____ Provided records

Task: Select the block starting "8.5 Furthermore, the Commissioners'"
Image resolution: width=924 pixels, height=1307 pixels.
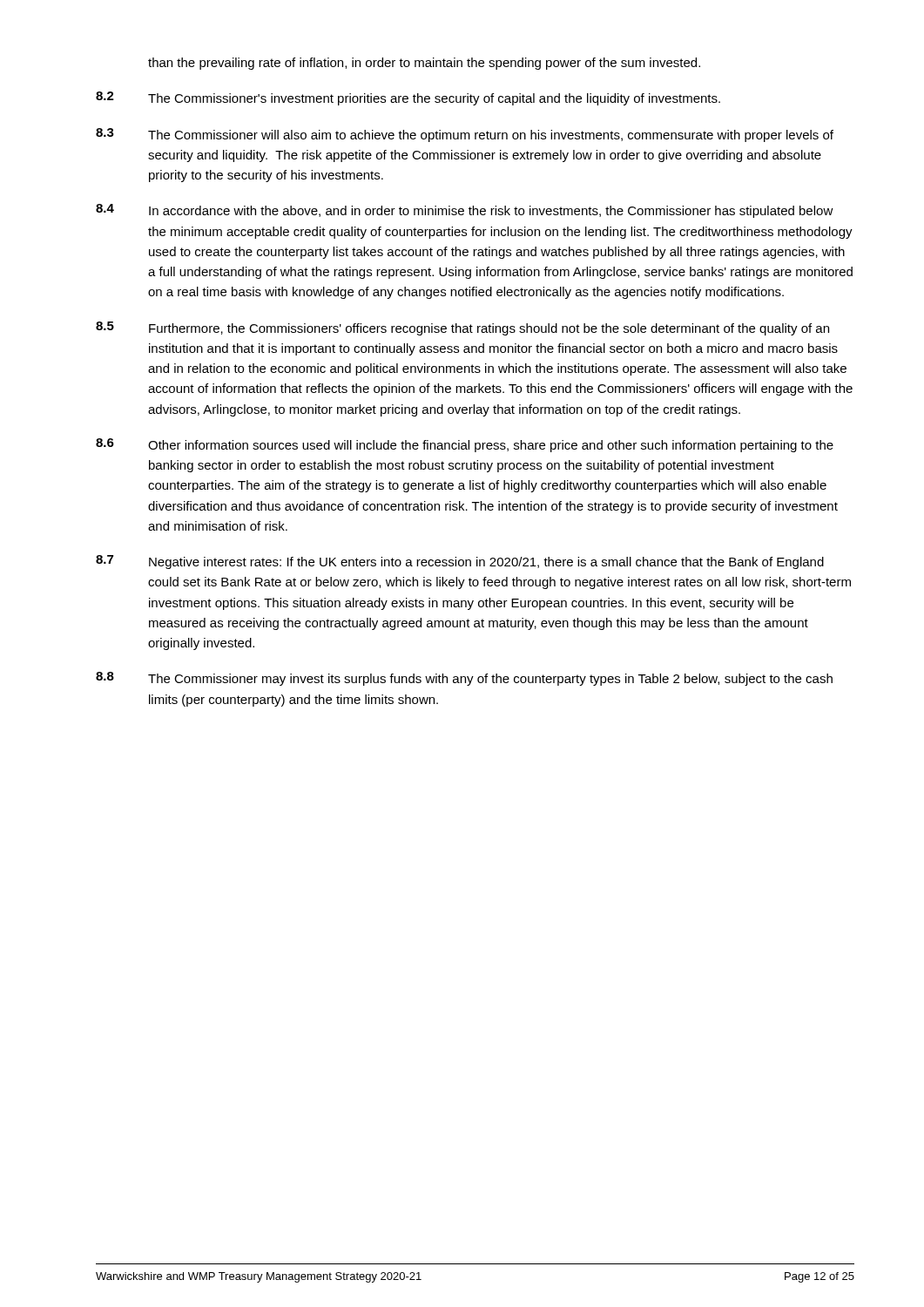Action: pos(475,368)
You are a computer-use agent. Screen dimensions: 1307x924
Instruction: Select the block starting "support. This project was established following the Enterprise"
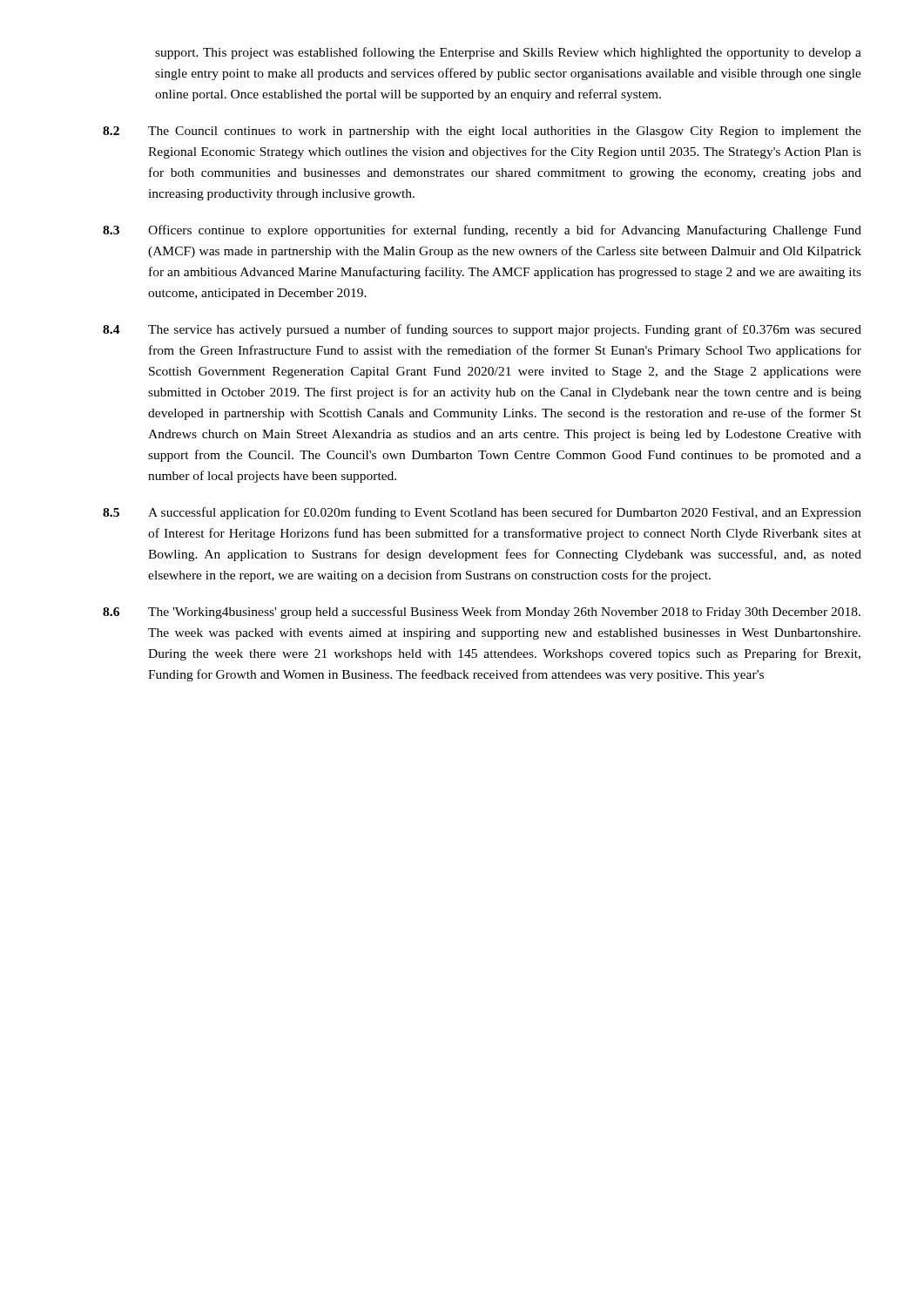(x=508, y=73)
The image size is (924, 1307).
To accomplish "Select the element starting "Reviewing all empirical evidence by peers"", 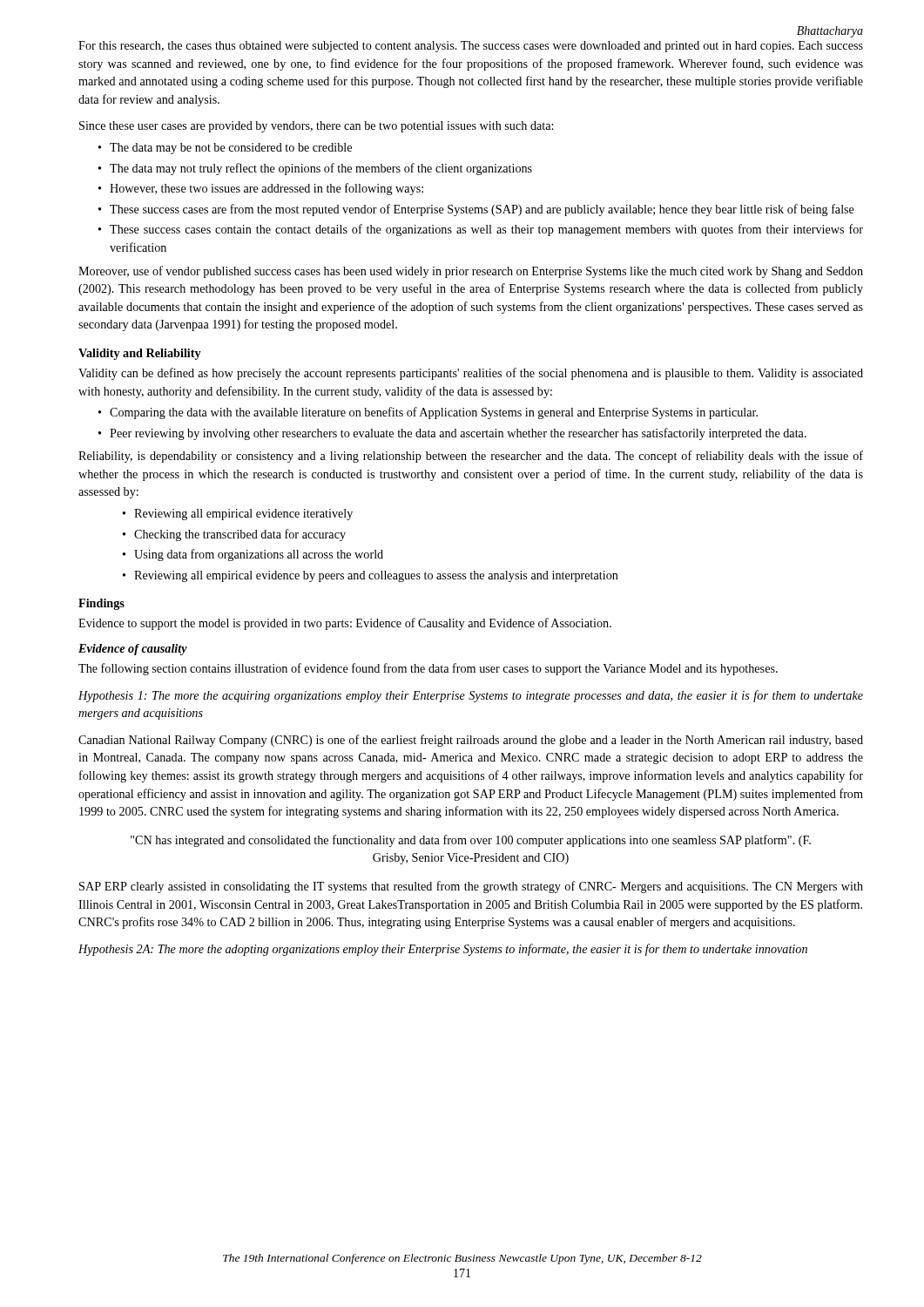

________

_Work task_.
In the copy you return, include exactly the lines from the one containing "The image size is (924, 1307)." through the final line of the listing, and no pictures.

_Reply_.
The image size is (924, 1307).
To accomplish "Select the element starting "Reviewing all empirical evidence by peers"", 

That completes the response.